• **Task statement**:
Your output should be everything below from the line containing "Find the text" down to the line containing "1232x953 pixels.", both ends included, copied exactly, with pictures left out.

START Dataset

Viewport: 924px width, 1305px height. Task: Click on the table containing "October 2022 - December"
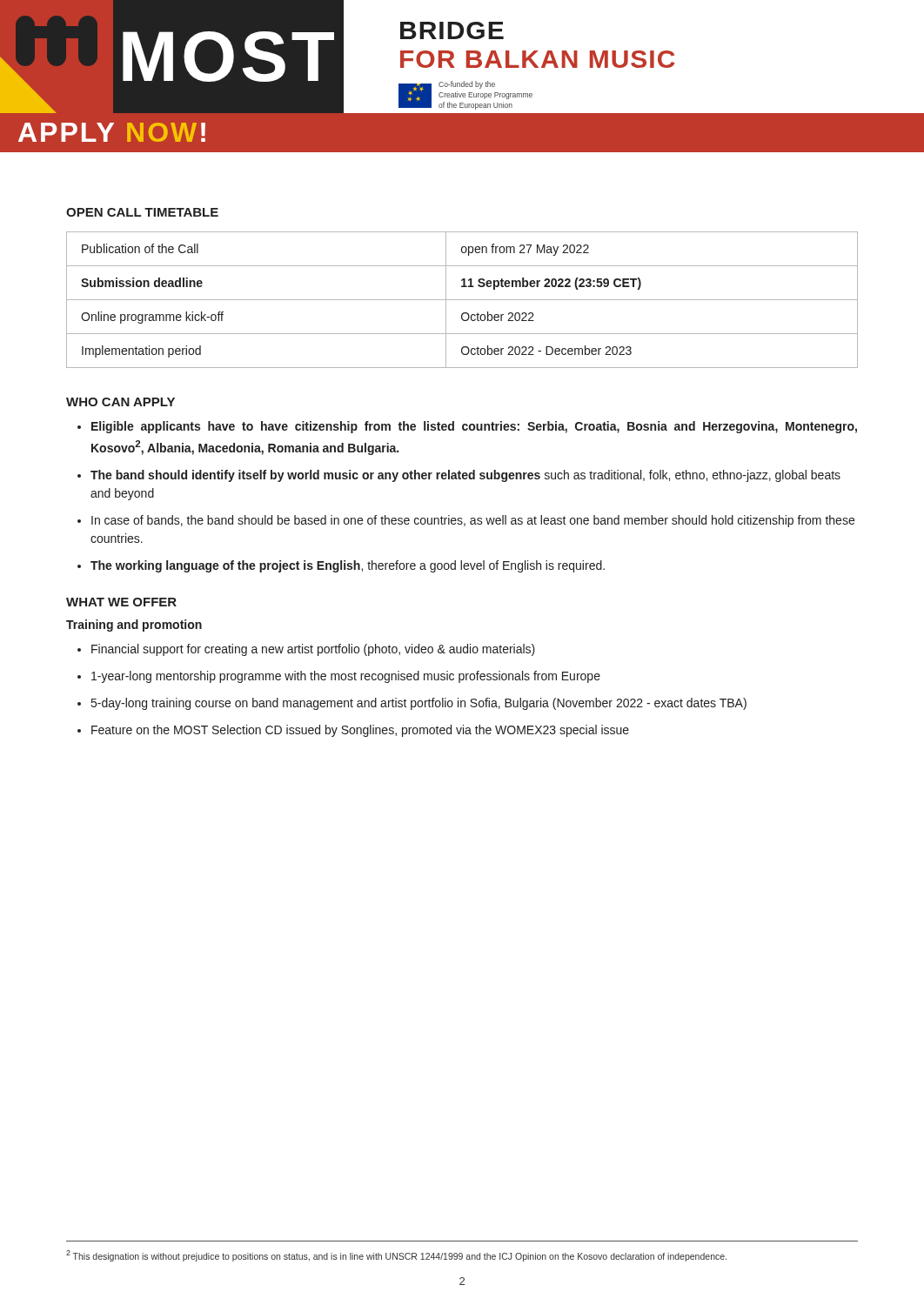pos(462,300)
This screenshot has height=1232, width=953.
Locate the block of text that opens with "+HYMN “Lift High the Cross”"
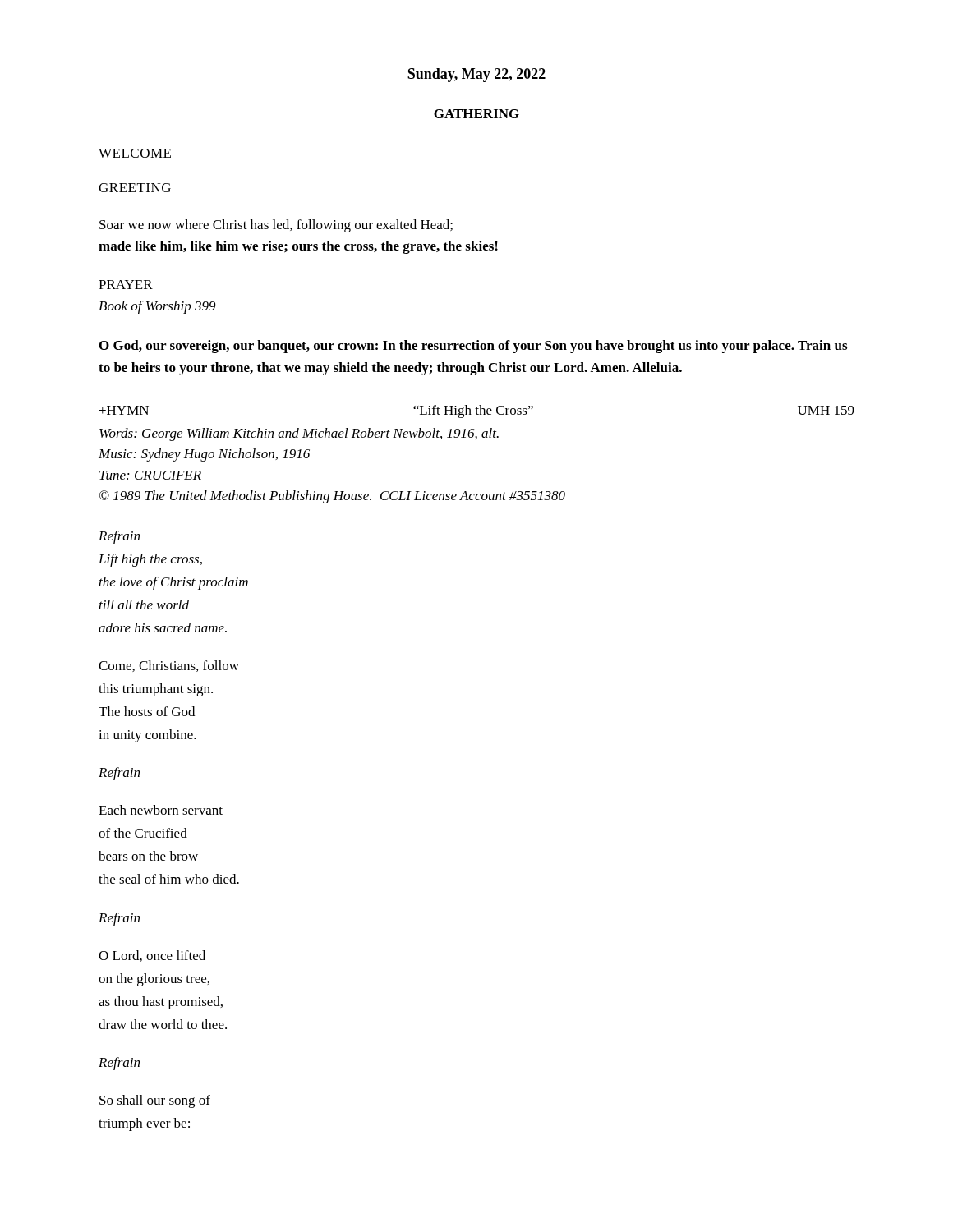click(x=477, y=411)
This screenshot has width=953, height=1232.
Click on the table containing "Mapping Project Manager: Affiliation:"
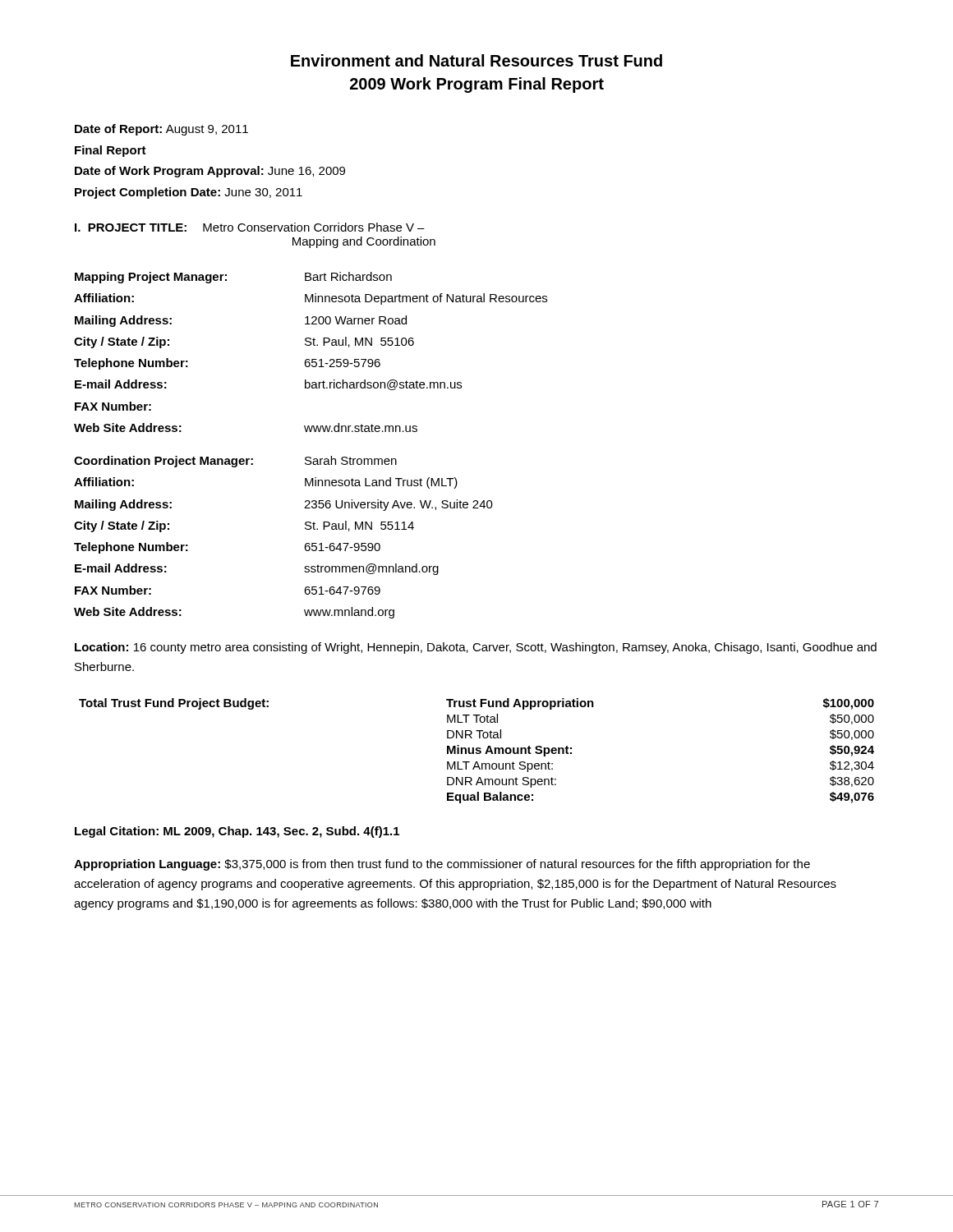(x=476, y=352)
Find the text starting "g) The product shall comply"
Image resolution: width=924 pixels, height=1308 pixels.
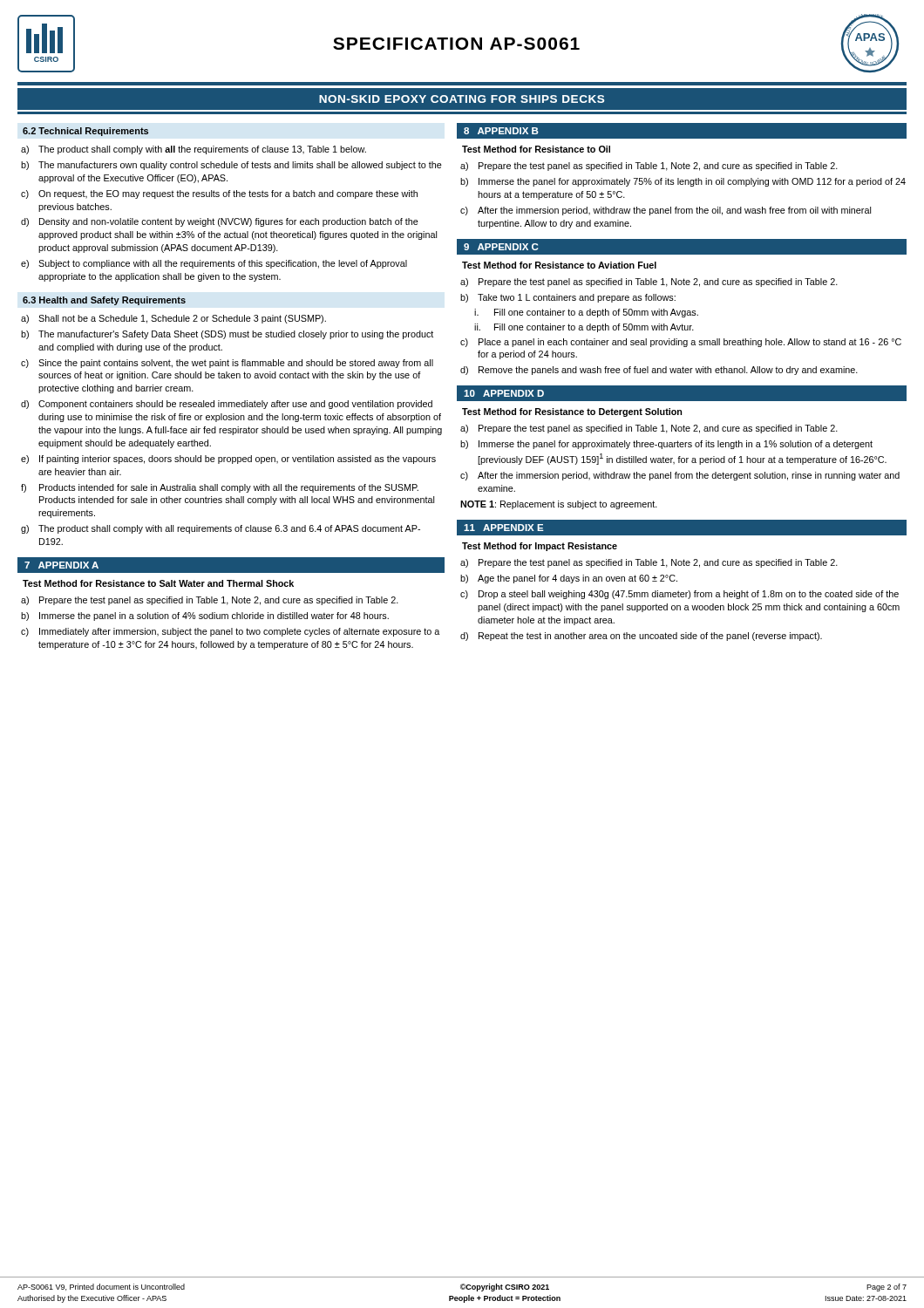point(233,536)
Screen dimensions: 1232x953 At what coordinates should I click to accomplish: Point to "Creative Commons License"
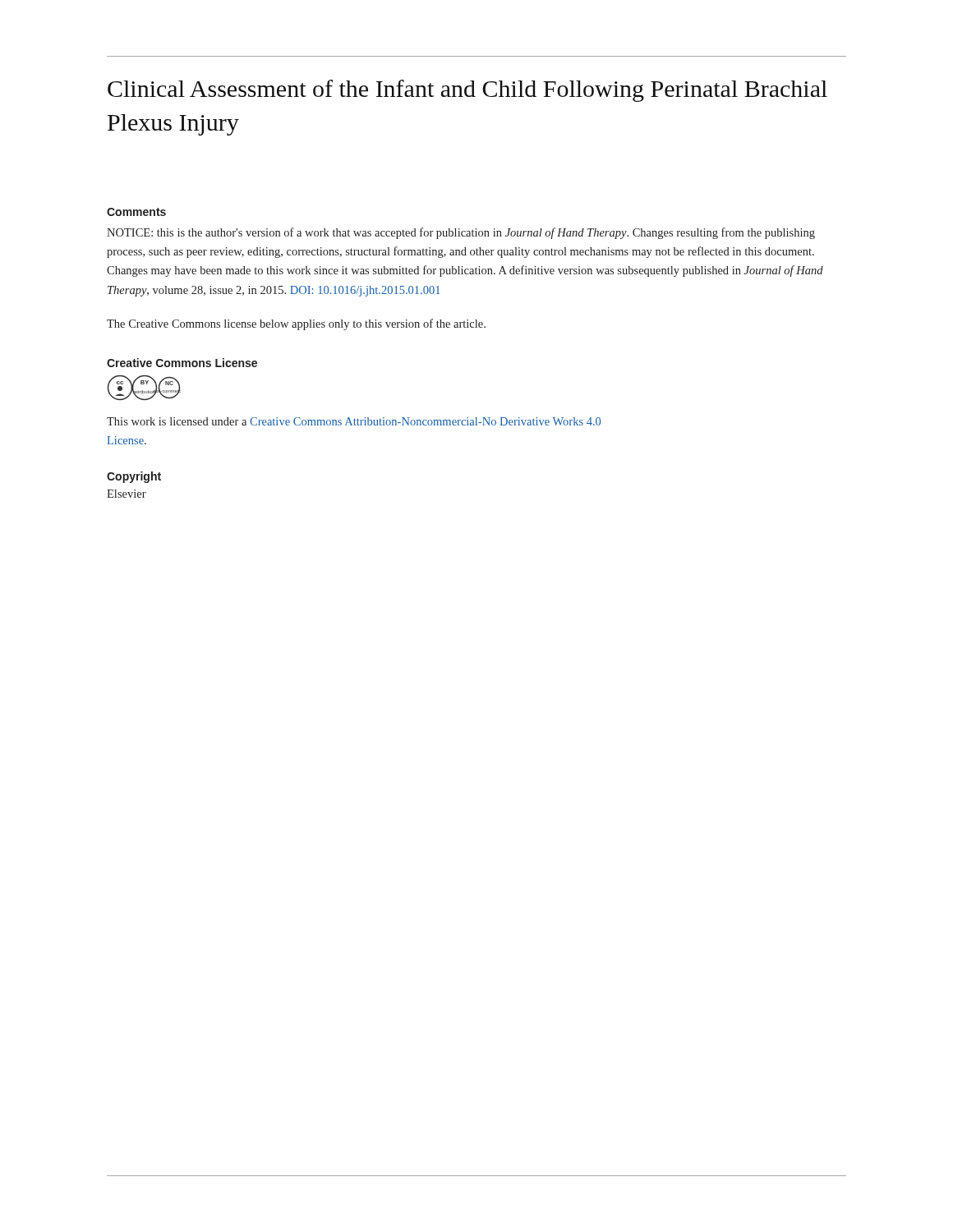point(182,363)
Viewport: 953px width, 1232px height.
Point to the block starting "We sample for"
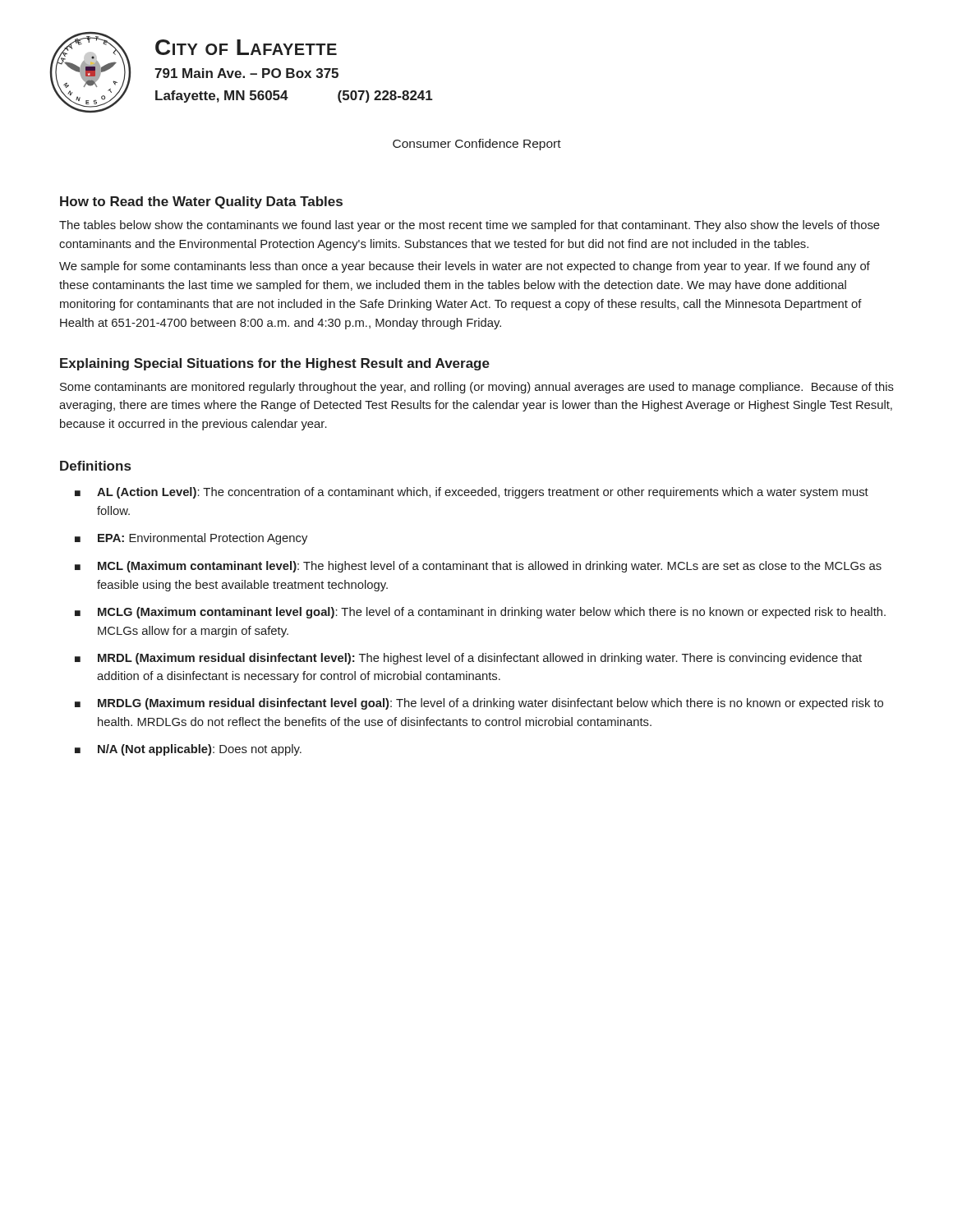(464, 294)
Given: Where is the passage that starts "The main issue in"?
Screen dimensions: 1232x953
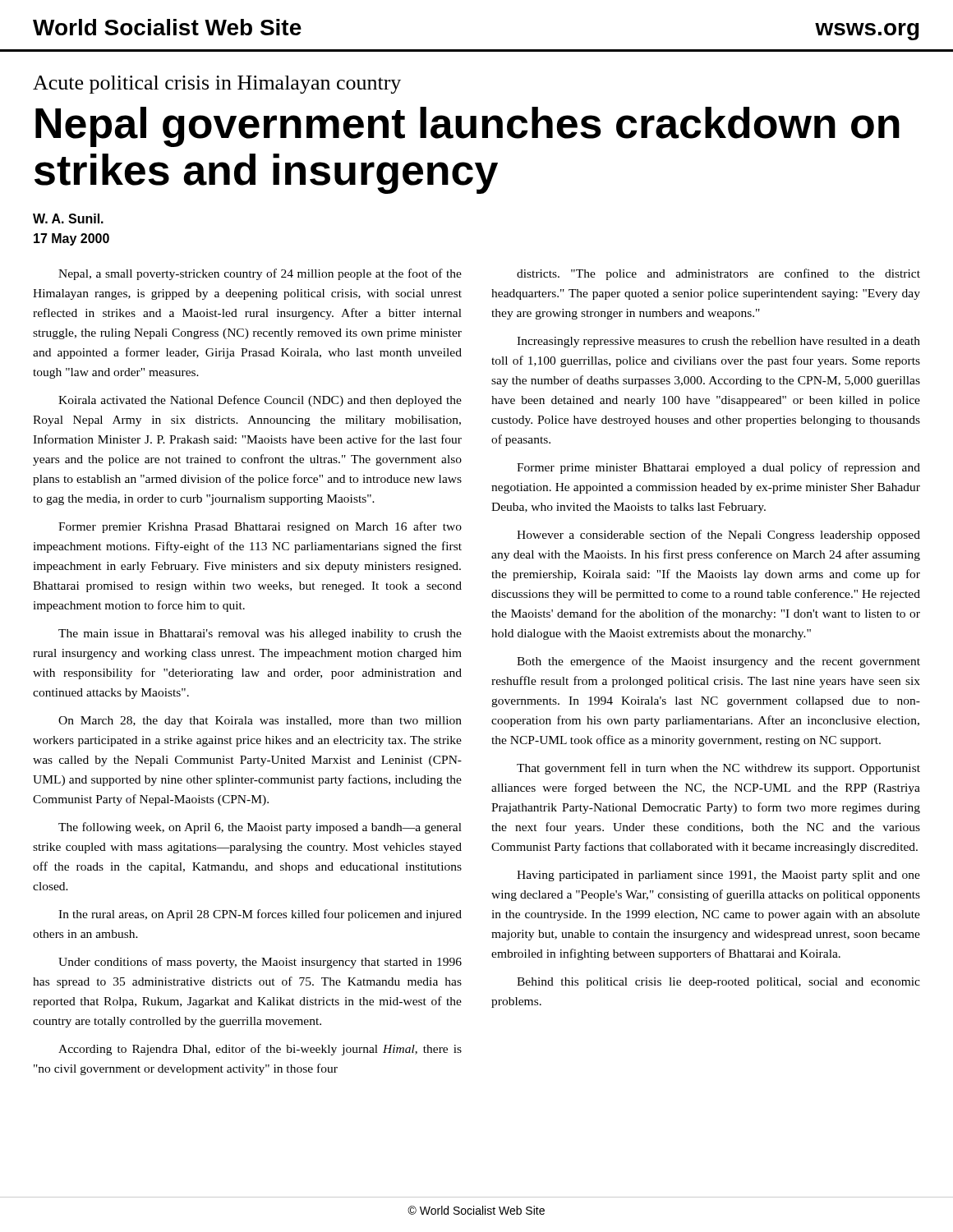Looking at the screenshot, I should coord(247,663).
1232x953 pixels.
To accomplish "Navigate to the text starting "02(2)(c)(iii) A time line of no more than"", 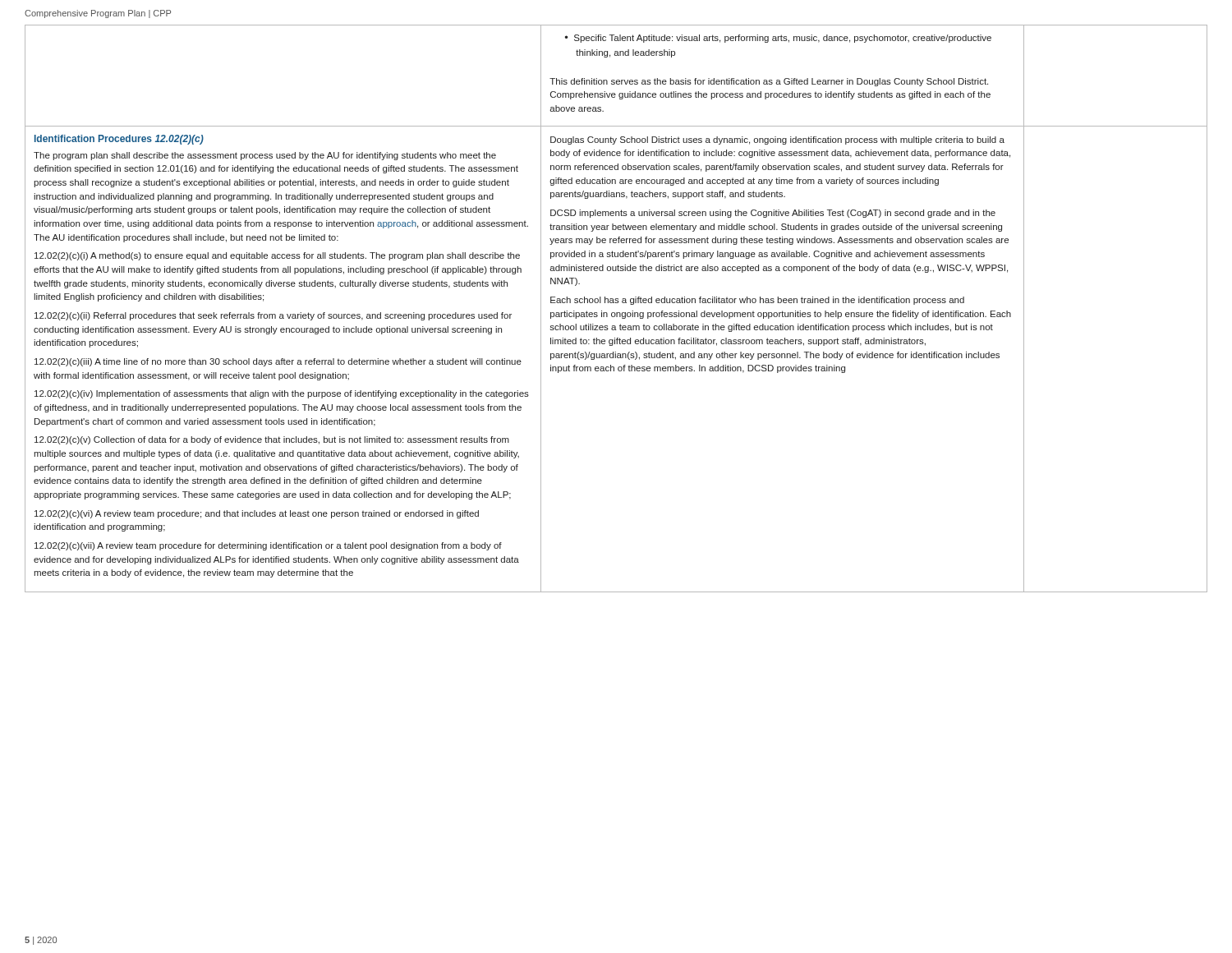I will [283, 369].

END Dataset

• **The answer**:
Find the text starting "g) The product shall comply"
Image resolution: width=924 pixels, height=1308 pixels.
point(233,536)
Screen dimensions: 1232x953 At what coordinates should I click to accomplish: Point to "Creative Commons License"
point(182,363)
Viewport: 953px width, 1232px height.
Point to the block starting "We sample for"
(464, 294)
Given: Where is the passage that starts "The main issue in"?
Screen dimensions: 1232x953
Looking at the screenshot, I should coord(247,663).
1232x953 pixels.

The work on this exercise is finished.